Roth Benefits as Noted by the WSJ

  • Roth 401(k)s provide Roth access. Many savers can’t contribute to Roth IRAs because their income is too high or else don’t because “backdoor” Roth contributions would be complex and partly taxable. In addition, current Roth IRA contributions are limited to $6,500 per year, plus $1,000 more for savers age 50 and older. Savers with Roth 401(k)s can typically put in much more.
  • Roth benefits can cascade. Tax-free Roth withdrawals don’t count as income, so they don’t leave taxpayers more susceptible to means-tested Medicare surcharges called IRMAA or the 3.8% net investment income tax.
  • Roth contributions start the five-year clock. To withdraw tax-free Roth earnings without penalty, the saver must be at least 59 ½ and have held the account for five years in many cases. Even a small amount in a Roth account can start that five-year clock running.
  • Roth accounts can be better than taxable investment accounts. Among the reasons: Payments of earnings in investment accounts (such as dividends or interest) are taxable, while they are tax-free in Roth accounts. If someone sells assets in an investment account before death, the net gain is taxable—unlike in Roths. Also, Roth IRA and 401(k) owners can pull out their own contributions tax-free without penalty even before five years, although with 401(k)s the employer also has to allow these payouts.
  • Roth accounts are better for heirs. Many nonspouse heirs of IRAs and 401(k)s whose owners died after 2019 must drain the accounts within 10 years of the owner’s death. However, heirs of traditional IRAs or 401(k)s often must make taxable withdrawals for each of those 10 years. Heirs of Roth accounts can wait until the end to withdraw.

Mish Comments

It’s not just the wealthy who can benefit from Roth IRAs.
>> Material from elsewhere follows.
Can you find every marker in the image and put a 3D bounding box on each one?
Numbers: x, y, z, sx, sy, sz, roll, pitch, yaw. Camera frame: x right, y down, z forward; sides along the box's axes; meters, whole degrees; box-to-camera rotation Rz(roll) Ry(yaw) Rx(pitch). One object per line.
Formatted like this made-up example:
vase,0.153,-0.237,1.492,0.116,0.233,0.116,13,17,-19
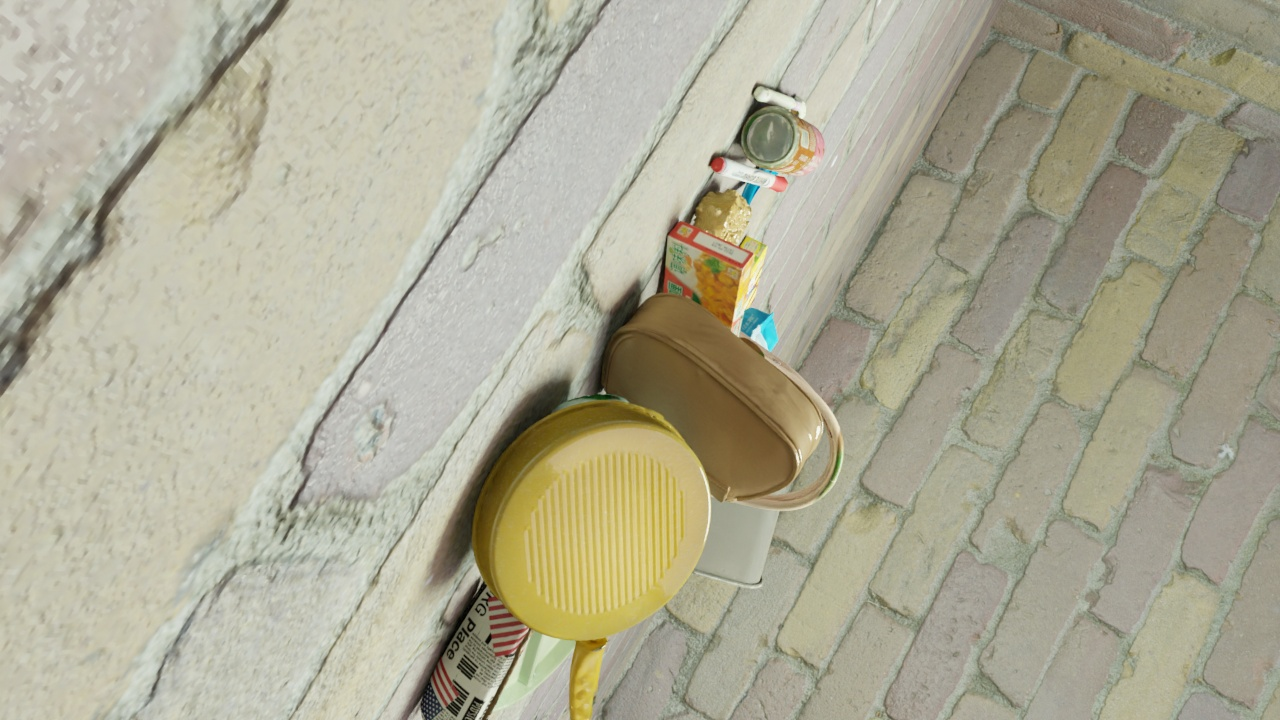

But it greatly matters what you put into them. There was no discussion of this key point by the WSJ.

Suppose you have a strategy of stocks and bonds including some speculative stocks. Of that group, It’s the speculative assets that are most appropriate for a Roth.

If you hit a home run on a $50,000 investment that turns into $5,000,000, you only pay upfront taxes on that $50,000. Then, $5,000,000 is tax free at age 59 and a half. That same amount in an IRA is taxed as ordinary income when you withdraw the money.

If you have both taxable accounts and regular IRAs, also think about where you want the risk. This decision is more complicated because we do not know what capital gains laws will be in the future, or far that matter what the income tax rates will be. But we can say that home runs, although deferred in a regular IRA, will be taxed on the full amount, as income, not at long-term capital gains.

The point of this discussion is not to encourage speculation. Rather, it’s to suggest that if you have speculative assets, to consider putting those assets into a Roth if you can.

It’s not just wildly speculative assets either. If you are an active trader of anything, say energy, and are doing well with it, the cumulative gains of successful timing are likely much better off in a Roth.

Given the 5-year clock, its’ best to get that Roth funded with at least a minimal amount by the age of 54.

Finally, timing matters. For those converting from regular IRAs to Roth IRAs, it best to do so on major dips . So there is a lot to think about here.

Not Investment or Tax Advice

This is not investment advice or tax advice.

Instead, think of the WSJ article and my comments on the article as a starting point for discussion with your tax advisor.